Ротмистр страдальчески простонал.
— Лулу, — сказал он, — ведь я просил!..
— Ничего, — легкомысленно ответила та, — пускай играет. Чем тебе помешает ребенок?
— То есть как чем? Амурничать при этом создании?
— На то есть будуар. А мне так спокойнее — она и присмотрена, и сыта. Играй, моя крошка: вон, дядя чемоданчик принес — посмотри, нет ли там чего интересного!
Маленькая фея очень скоро разобралась с запорами на докторском саквояже. Раздалось стеклянное звяканье.
— Мамочка! — спросила фея, зажав в кулачке некий прозрачный предмет. — А это фто?
— Это укольчики плохим деткам делать, когда они скверно себя ведут, — ответила Лулу.
— А котик хорошо себя ведет? Можно я ему укольчик сделаю?
— Эй! — крикнул ротмистр фее, — положи-ка на место! А тебе чего надо?! — напустился он на китайца, все еще торчавшего здесь. — Пшел!
Ю-ю выкатился в коридор, помчался на кухню и разыскал повара. Впрочем, того и разыскивать особо не требовалось — как всегда, Ли Синь стоял в центре, возле огромной кирпичной плиты, в топке которой, словно в сталеплавильной печи, вечно кипело пламя.
Выслушав рассыльного, он принял ключ и сделал несколько распоряжений поварятам. А потом небрежно махнул рукой — дескать, убирайся быстрее ко всем чертям.
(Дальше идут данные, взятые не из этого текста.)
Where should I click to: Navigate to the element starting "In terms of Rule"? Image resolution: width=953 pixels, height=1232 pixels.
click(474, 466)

Что китайчонок и выполнил незамедлительно.
Минут десять спустя некий официант в малиновой рубахе вынес из кухни огромный поднос, уставленный снедью. Чтобы добраться до лестницы наверх, требовалось свернуть направо, в коридор, потом опять направо — и тут уж идти почти до конца. Но прежде половой намеревался заглянуть к Лулу.
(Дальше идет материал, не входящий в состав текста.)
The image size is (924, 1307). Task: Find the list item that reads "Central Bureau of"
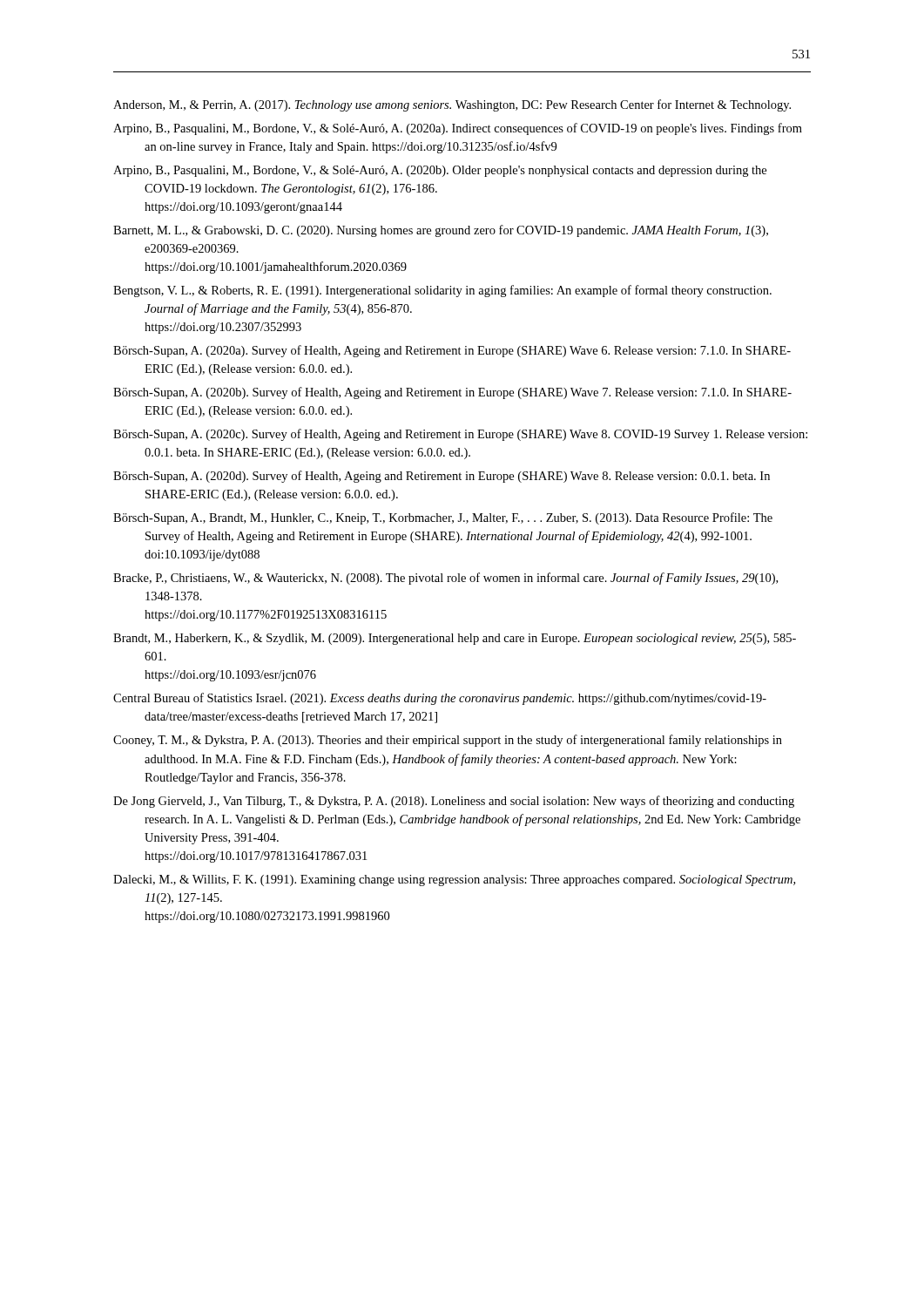point(440,707)

Дело в том, что сей официант (Матвей, но все звали его Матюшей) вожделел мадемуазель Лулу давно. И тайно. Можно сказать, с первого дня, как поступил к Дорис на службу. Многоопытная мадам сразу, только глянув в глаза, предупредила возможные поползновения, высказавшись в том смысле, чтоб каждый сверчок знал свой шесток. И потому страсть официанта к белокурой Лулу была секретной. Но порой он мечтал, как скопит денег, плюнет в глаза осточертевшей бандерше (а может, даже заедет в ухо тирану-управляющему) и увезет прекрасную Лулу к новой жизни. Куда именно, парень особенно не уточнял, даже в мыслях. Как и то, что с ним станется, ежели «тиран» призовет своих дрессированных медведей — братьев Свищевых.
Если опустить эти неприятные моменты, мечтать было очень сладко.
Вот и теперь он шел, воспаряя и радуясь, что увидит Лулу совсем близко, хотя и в обществе пренеприятного офицера. Этого офицера Матюша побаивался — однажды тот другому официанту сильно попортил личность за то лишь, что поданный чай был не слишком горяч.
Матюша шел быстро, подняв голову, — так проще соблюдать равновесие. Шел особой, скользящей походкой (которой втайне очень гордился), двумя руками неся поднос, на котором китайской пагодой возвышалась фарфоровая супница. Когда он повернул за угол, раздался тихий щелчок — и что-то внезапно кольнуло его под правым коленом.
Он охнул, остановился. Глянул вниз — там мальчишка-рассыльный возился с отошедшим от стены кусочком обоев. В руках он держал маленький молоток, из крепко сжатых губ виднелись головки махоньких обойных гвоздиков. А рядом лежала деревянная коробочка чудного вида.